DC Comics and Warner Bros. needed Black Adam to succeed. Billed as its own reinvention of the floundering DC cinematic universe – one fraught with out-of-canon hits like Joker and The Batman as well as problematic releases like The Flash – expectations were high for a new DC film fronted by Hollywood’s leading star man himself. Unfortunately, the Rock is one of Black Adam‘s many problems, which combine to make it a lacklustre and easily forgettable entry in the increasingly bloated comic-book movie canon.

Dwayne Johnson stars as the eponymous anti-hero, a relic locked away on his home world of Kahndaq for thousands of years.

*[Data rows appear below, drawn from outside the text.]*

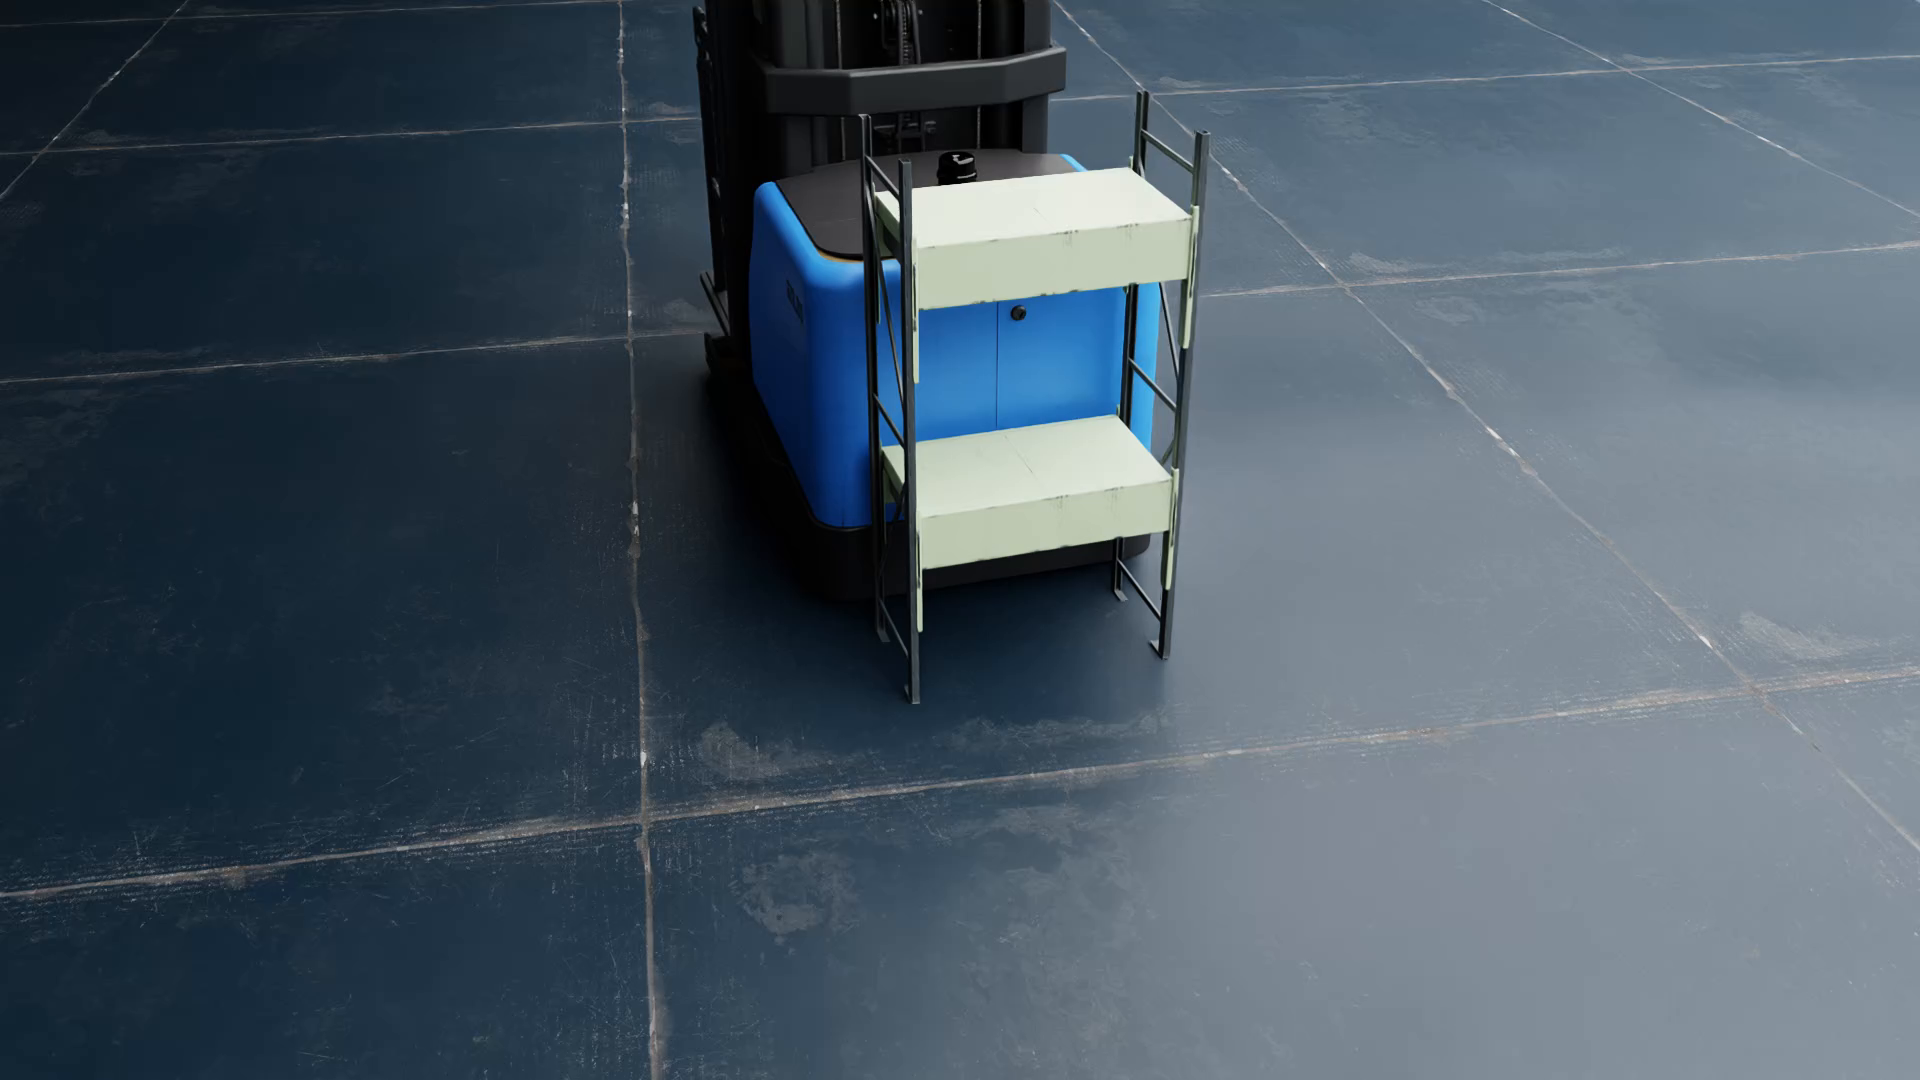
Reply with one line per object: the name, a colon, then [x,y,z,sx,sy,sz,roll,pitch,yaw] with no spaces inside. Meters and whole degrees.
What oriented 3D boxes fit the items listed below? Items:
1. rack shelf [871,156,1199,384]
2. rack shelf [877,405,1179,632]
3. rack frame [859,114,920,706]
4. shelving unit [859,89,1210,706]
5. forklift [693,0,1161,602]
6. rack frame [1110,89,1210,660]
rack shelf: [0.172,-0.688,4.170,0.720,0.370,0.431,-9,32,-15]
rack shelf: [0.172,-0.070,4.533,0.720,0.370,0.431,-9,32,-15]
rack frame: [-0.178,-0.296,4.274,0.023,1.500,0.400,-9,32,-15]
shelving unit: [0.172,-0.351,4.368,0.755,1.500,0.431,-9,32,-15]
forklift: [-0.329,-1.821,5.455,1.130,2.935,3.031,-9,32,-14]
rack frame: [0.521,-0.406,4.461,0.023,1.500,0.400,-9,32,-15]

Possessing similar abilities to another DC hero, Shazam, his violent resurgence against his planet’s imperial occupiers lands him on the radar of one Amanda Waller (Viola Davis), who commissions the Justice Society of heroes to pacify Black Adam and put a stop to the unrest.

After years of two-plus-change hour entires into the DCEU, Black Adam certainly feels trim. Excluding credits it comes in below that 120-minute mark, and consequently it feels like not an awful lot happens. It’s mostly down to a script that lacks any sort of invention or flair, instead plodding through a formulaic comic-book caper that never feels especially gripping. It doesn’t have any of the nuanced character writing of The Batman, or narrative surprises of The Suicide Squad, and instead just feels very by-the-numbers.

It’s not helped by the major problem that, if you really think about it, Black Adam as a character actually has a point. The film bills him as a murky antihero who is lambasted by American superheroes and governmental figures alike for tearing down Khandaq’s militant occupiers, accidentally positioning themselves as pro-empire stormtroopers in the process. The script, penned by Adam Sztykiel, Rory Haines, and Sohrab Noshirvani, is ultimately too scared to interrogate this any further. Instead of looking at a legacy of western imperialism and perceived white saviourism, Black Adam instead introduces a third-act CGI baddie to do away with any deeper debates it may have inadvertently spouted.

Another troublesome feature is a leading man who, as is becoming something of a trend, has nothing especially exciting to bring to the table. It’s no doubt down in equal parts to weak characterisation, but Johnson’s performance is mundane and devoid of personality. By the time the end credits roll – themselves a pre-amble to the film’s most discussed scene – you know Black Adam’s secrets, but nothing to make you invest in him as you would, say, Tom Hardy’s Venom. His line delivery is stiff, his backstory told solely through exposition dumps, and this character who should feel like an exciting new presence in the DC universe instead just feels like yet another Rock alter ego.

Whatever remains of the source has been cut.